第22話 SS チェリーパイ
「うーん、確かに酸味が強いですね」
「砂糖足す?」
「そうだなぁ、…コンポートにしちゃいましょうか」
6月初め、メゾン・ド・ソレイユの庭先に栄えている桜の木が赤い小さな実を付けた。それを4人で収穫して、亮と朋樹が喫茶店で何かを作ろうとしている。そのうちに喫茶店の中は甘い匂いが漂い始める。
「佐藤錦だと甘みが強すぎてお菓子にはあんまり向かないし、アメリカンチェリーは色合いが強すぎる。チェリーパイは甘みと酸味のバランスが大事なんだと思うんですよね」
亮が料理人らしいこだわりを見せる。亮は仕事が好きらしく、素材に合わせて調理法を変えたりもする。そういう所は、俺には無い物だから素直に尊敬する。
「いやー、良い眺めですねー。
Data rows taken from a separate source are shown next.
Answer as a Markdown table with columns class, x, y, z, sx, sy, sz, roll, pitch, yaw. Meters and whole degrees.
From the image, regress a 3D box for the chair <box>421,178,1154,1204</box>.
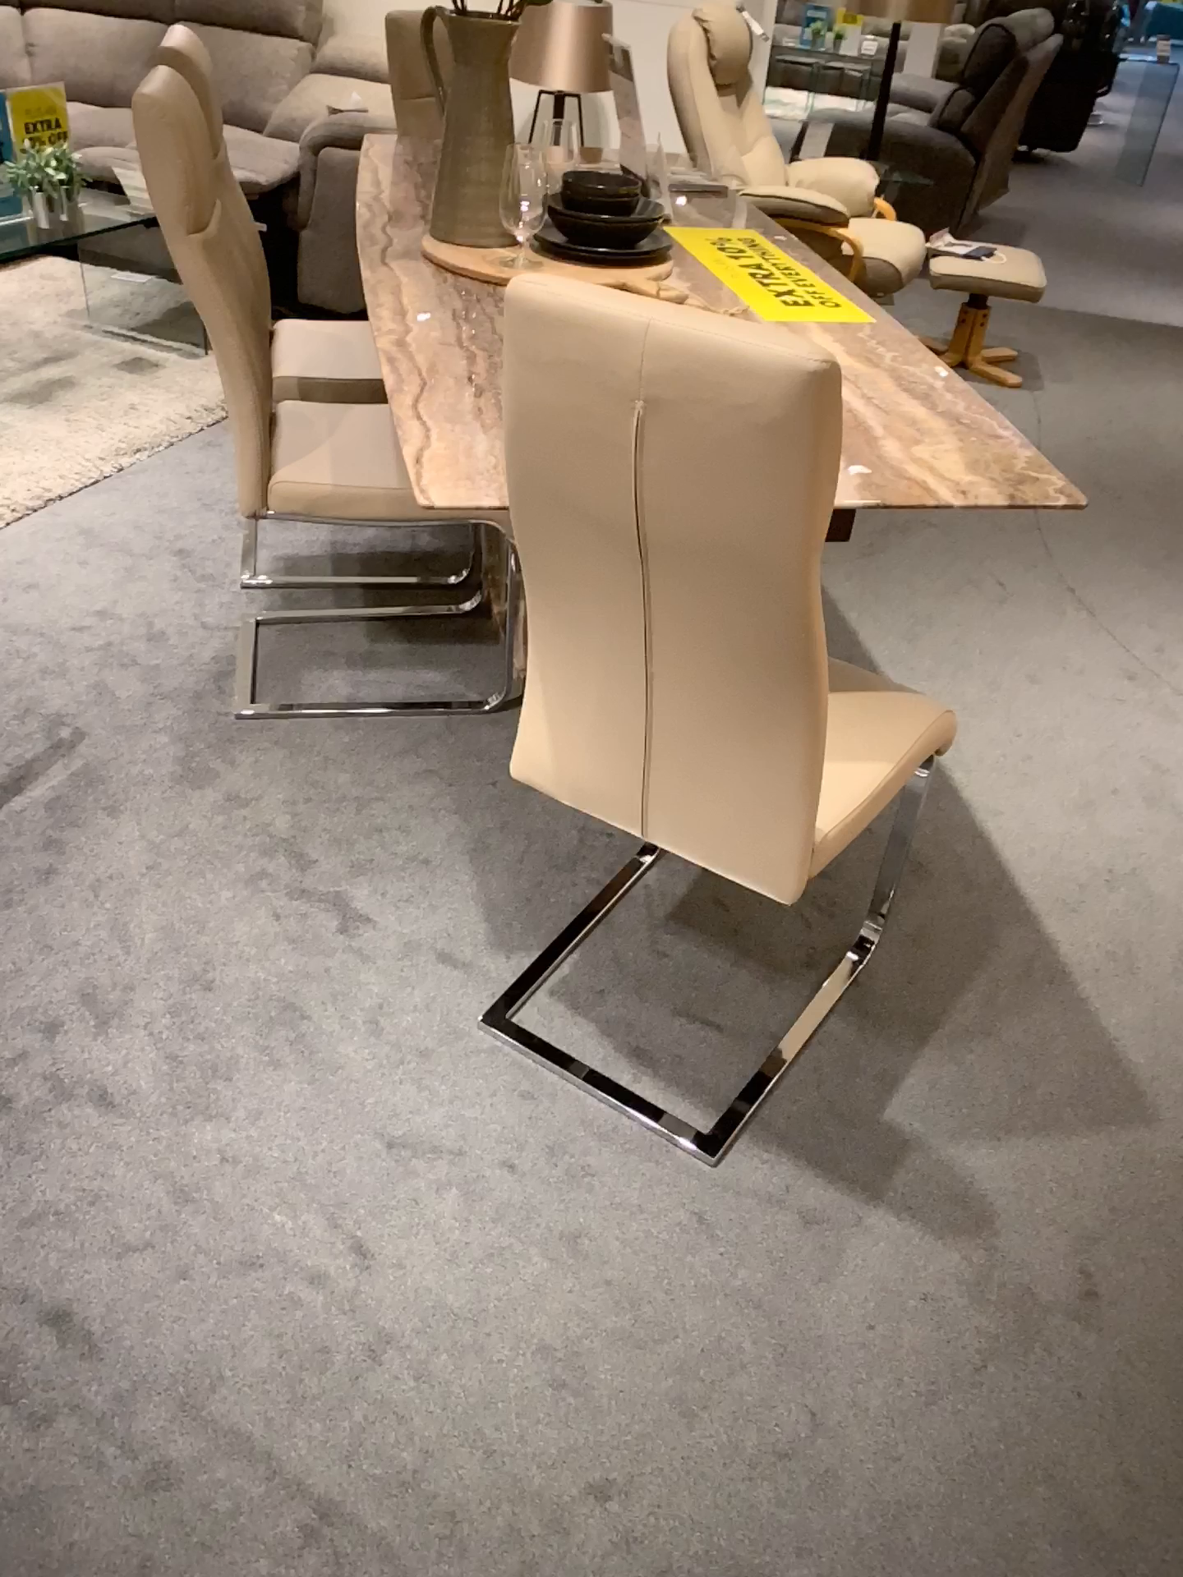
| class | x | y | z | sx | sy | sz | roll | pitch | yaw |
| --- | --- | --- | --- | --- | --- | --- | --- | --- | --- |
| chair | 0.185 | -0.133 | 1.473 | 0.528 | 0.981 | 0.587 | 24 | 39 | 24 |
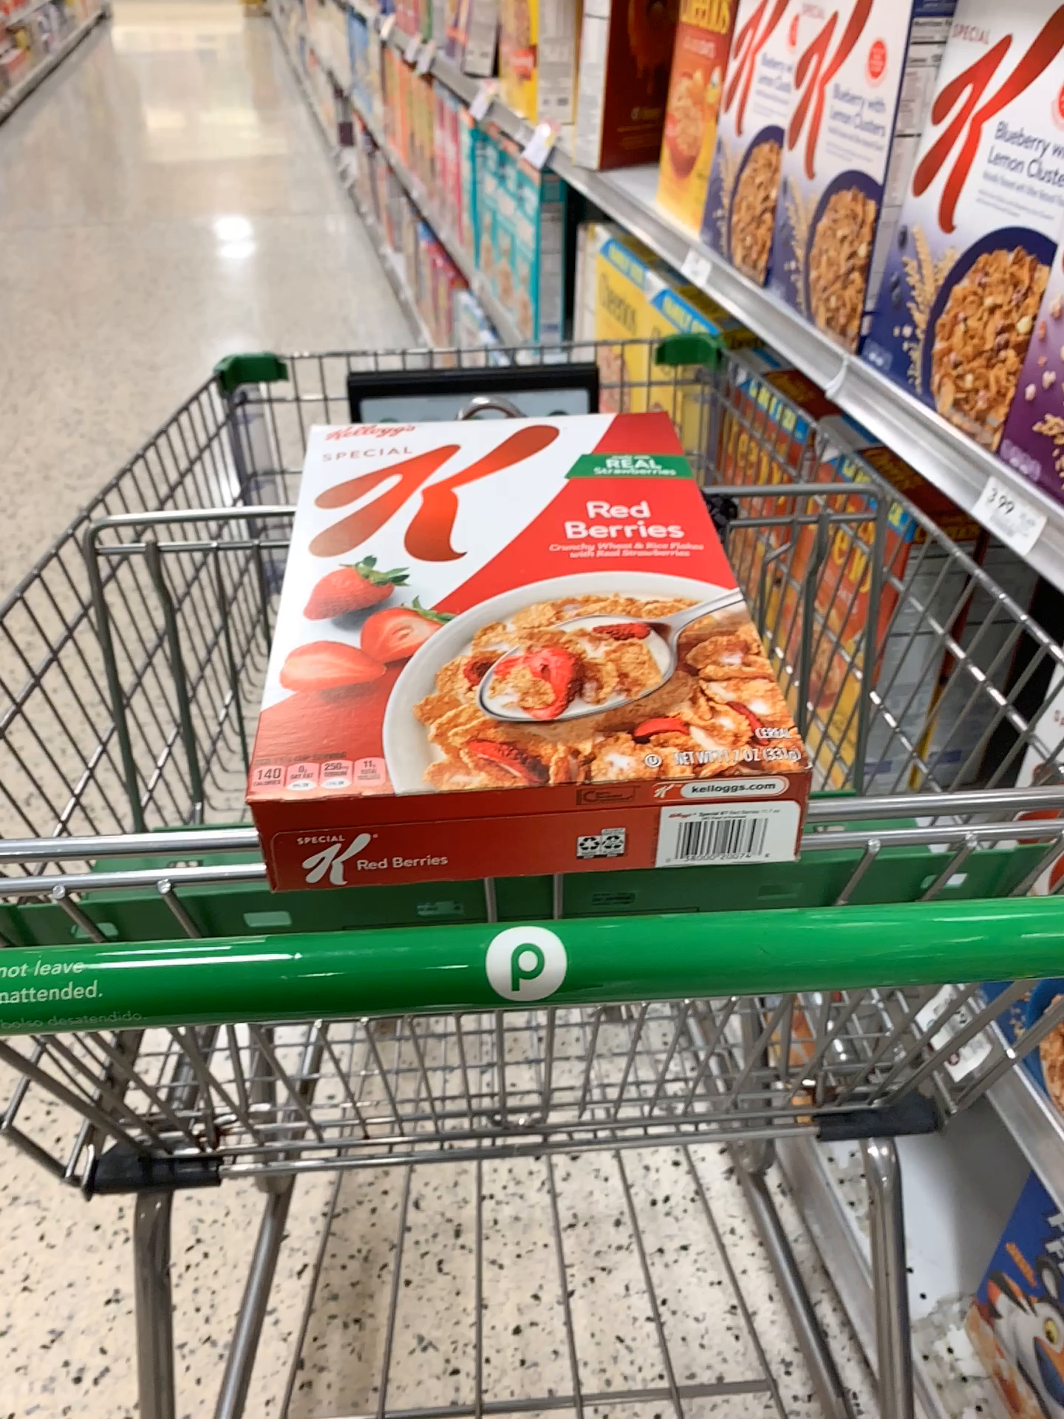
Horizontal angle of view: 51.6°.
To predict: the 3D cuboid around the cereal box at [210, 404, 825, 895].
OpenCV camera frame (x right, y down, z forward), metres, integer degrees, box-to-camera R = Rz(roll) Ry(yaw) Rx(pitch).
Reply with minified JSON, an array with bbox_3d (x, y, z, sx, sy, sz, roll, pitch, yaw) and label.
[{"bbox_3d":[-0.014,-0.049,0.482,0.200,0.049,0.283,-3,39,-3],"label":"cereal box"}]
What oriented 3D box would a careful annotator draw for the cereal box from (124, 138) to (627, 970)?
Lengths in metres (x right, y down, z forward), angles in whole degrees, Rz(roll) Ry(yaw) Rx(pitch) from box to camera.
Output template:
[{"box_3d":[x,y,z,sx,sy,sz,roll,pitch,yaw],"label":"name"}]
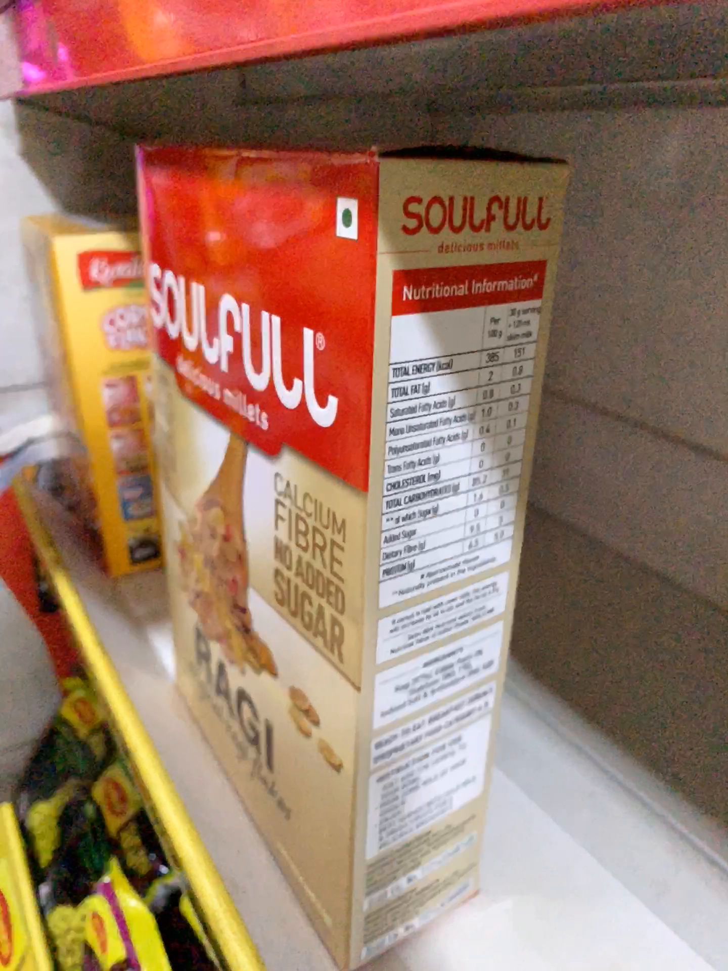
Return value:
[{"box_3d":[-0.018,0.018,0.267,0.060,0.248,0.171,-12,27,-30],"label":"cereal box"}]

エプロン姿も可愛いなぁ」
口許を緩めて俺の淹れたコーヒーを啜る木津を見やる。木津は眼鏡を掛けたほうが良いと思う。あんな人使いが荒くて頑固な朋樹のどこが可愛いのかさっぱりわからない。世の中には変わった人間もいるもんだ。
「それより、さくらんぼなんかの為に有給なんか取って良かったのか?」
信じられない事に、木津はこのために、平日を休みにしている俺達に合わせて有給休暇を取っていた。
「今は、そんなに忙しくないし有給も使わなきゃもったいないじゃないですか。…あ、そろそろ出来たかな」
辺りにチェリーパイの焼けた匂いが漂い出す。バダーの良い匂いに少し腹がなった。
木津は立ち上がり、朋樹の側へと向かう。交代にこちらへとやってきた亮に先程浮かんだ疑問を口にした。